So thank you for indulging me here. Absolutely. Thanks for wanting to be interested in it. It's, you know, I still think you've got a novel in you. I feel it ready to come out. Yes, you say that, and my nonfiction editor feels like a disturbance in the force. Something is not right here.

You've got time. I've got time. That's right. That's right. So what I was thinking here is three parts. I wanted to start talking about your story, which I think from my audience perspective is actually, like, a nice deep-life case study. Then I want to get into the weeds with the publishing industry and how that works and where it's going, and there's some stuff we've been talking about on the show that we're going to get the real scoop on from you, and then have some advice questions towards the end about people looking to do something similar in their lives.

Let's imagine there's a 40-year-old professor nonfiction writer. Let's just call him Kyle, who wants to write a novel. So we'll get there. We'll get there later. That's not possible. So I want to start with your story. In particular, from what I understand, your story picks up -- you're around my neck of the woods at first.

You're a denizen of D.C. and politics and go from there to thriller writing. How do you typically relay that story of D.C. to bestsellerdom? Yeah, it is kind of a circuitous route, right? My parents moved us to D.C. when I was 15, and I went to Langley, so I lived in McLean.

And my mom worked in the White House, and my dad worked for Lockheed Martin. And I was an English wonk, right? I absolutely loved it and knew that I wanted to be a writer, and English was always my best class. And so I went to school to get a creative writing degree.

But living inside the Beltway, you can't not get bitten by that bug. It's such a unique place. You have to be plugged into it. You have to be interested in it. And so I also majored in political science. I had a dual major. And when it was time to go to grad school to go get my MFA that had been the plan all along, my professor said, "You are not good enough to get published." Which I listened to.

And at the time, I probably wasn't. But, you know, what are you going to do when someone you respect just flat out says, "You don't have it." This is like an English professor, literature professor at college. Yeah, it was my thesis. Your thesis. And was your thesis literary? Like, what was he teaching?

It was.
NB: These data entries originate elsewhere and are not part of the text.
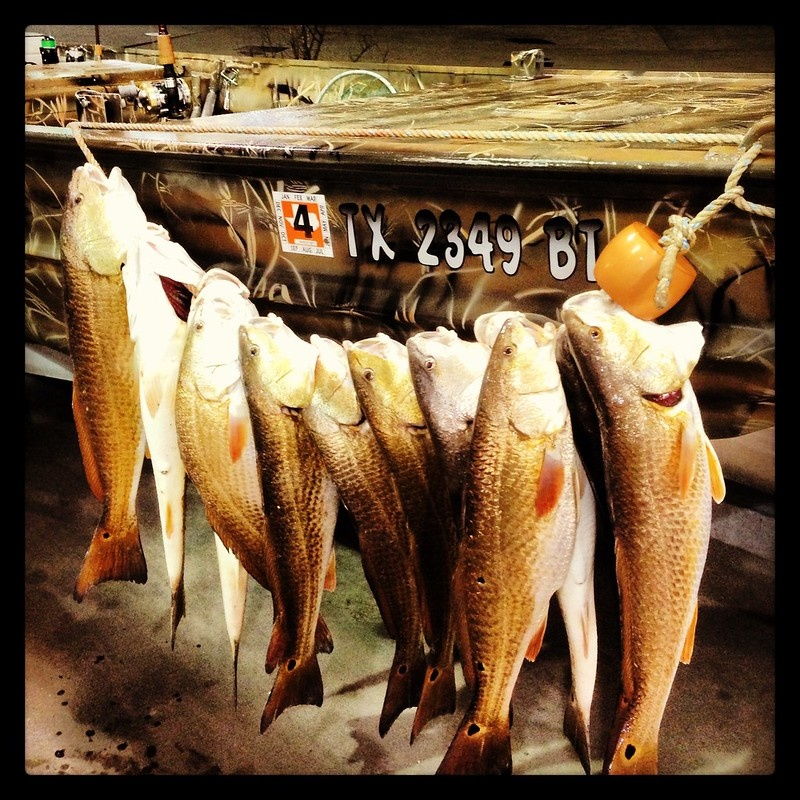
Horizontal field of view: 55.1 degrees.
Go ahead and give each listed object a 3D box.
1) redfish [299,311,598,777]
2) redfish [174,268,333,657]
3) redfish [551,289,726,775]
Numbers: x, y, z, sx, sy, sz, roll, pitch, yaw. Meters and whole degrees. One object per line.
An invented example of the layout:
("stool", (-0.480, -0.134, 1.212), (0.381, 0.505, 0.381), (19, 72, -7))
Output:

It was short stories and poems and, you know, all the things that you need for an MFA program. And, yeah, so I went, "All right, I'm interested in politics as well. I'm going to go to graduate school." And so I went to GW and got a degree in political management thinking that I would run campaigns.

Worked in the White House, which was a lot of fun. Worked post-White House in aerospace marketing, as you do when your dad works for Lockheed Martin and your candidate loses. You don't have a lot of choices in the market at that moment. And then we moved to Nashville and I turned into a bad country music song.

I couldn't find a job. My cat died. I finally went to work for a vet and ended up having back surgery. Three days in, I blew out my back and had to have back surgery. And while I was recovering, I went to the library and asked if they had any new authors for me to try.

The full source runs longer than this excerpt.